# Gravity makeup air



## Rick18071 (Jul 17, 2010)

Someone wants to put in "passive makeup air" for a small 4' commercial kitchen type 1 hood by installing a vent (no fan)on the wall behind with lovers that open when the exhaust fan is turned on. The code (2009 IMC 508.1) allows makeup air to be provided by gravity means. I never saw a gravity system. I told him that he must prove that the makeup air does not exceed the capacity of the HVAC system (508.1.1).

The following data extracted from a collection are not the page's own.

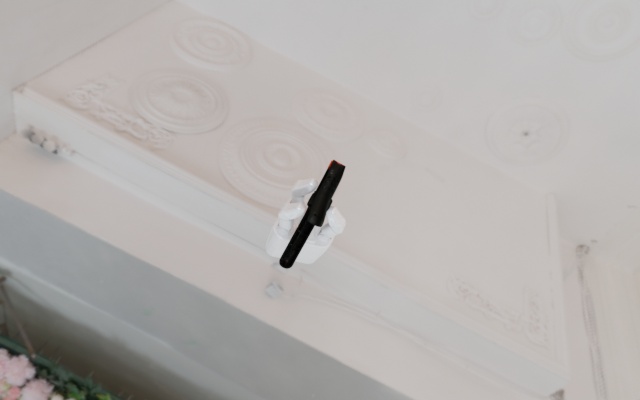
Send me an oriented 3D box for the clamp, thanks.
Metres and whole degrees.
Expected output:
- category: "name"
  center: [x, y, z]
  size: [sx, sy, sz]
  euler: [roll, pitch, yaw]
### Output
- category: "clamp"
  center: [0.001, 0.003, 0.803]
  size: [0.036, 0.210, 0.165]
  euler: [30, -32, -5]

Can't find anything in IECC about it.

Does anyone know if this is allowed?


----------



## klarenbeek (Jul 19, 2010)

It is allowed.  I would also require a balance report proving that enough air is coming in to replace the air exhausted by the hood.  The problem with sizing the HVAC system is that, while there is a temperature that must be maintained for heating (68), in the code there is no temperature that must be maintained for cooling.  The contractor could say he designed the system to maintain 95 degrees.  There is nothing in the code to say he can't do that.


----------



## Builder Bob (Jul 19, 2010)

This would have to be shown on a balanced HVAC system report....Also what deoes the installer's guide for the Hood System state? BTW what is the exhaust rate for the hood, makeup air cannot exceed 300 cfm using gravity dampers/ 2006 IECC

503.2.4.4 Shutoff damper controls. Both outdoor air

supply and exhaust ducts shall be equipped with motorized

dampers that will automatically shut when the systems

or spaces served are not in use.

Exceptions:

1. Gravity dampers shall be permitted in buildings

less than three stories in height.

2. Gravity dampers shall be permitted for buildings

of any height located in climate zones 1, 2,

and 3.

3. Gravity dampers shall be permitted for outside

air intake or exhaust airflows of 300 cfm (.14

m3/s) or less.


----------



## Paul Sweet (Jul 19, 2010)

I hope this section of the IECC wasn't meant to apply to kitchen hood exhaust systems.  A motorized damper in the exhaust would make a wonderful grease trap.

A 4 ft. hood is only going to require a few hundred CFM.  If there's a dining area, it's possible that the required fresh air for the dining space would be adequate.

If the vent is near the hood the unconditioned air will be pulled right out, so it shouldn't have much effect on the comfort conditions of the occupied space.


----------



## TimNY (Jul 19, 2010)

My concern would be 508.1.1 [2003 IMC], how do you keep the temperature differential less than 10 degrees with gravity ventilation.  Exception 2 leaves a bit of a chance to make it work.  Depends on your location and how the kitchen is used.


----------



## peach (Jul 24, 2010)

I don't know that you're going to find in the IMC a requirement that the make up air has anything to do with comfort level.


----------



## TimNY (Jul 25, 2010)

peach said:
			
		

> I don't know that you're going to find in the IMC a requirement that the make up air has anything to do with comfort level.


508.1.1 ex 2 "Makeup air that does not decrease the comfort conditions of the occupied space." [2003 IMC]

Comfort is subjective term, which is why they placed in it there I suppose.  Give the AHJ some discretion imho.


----------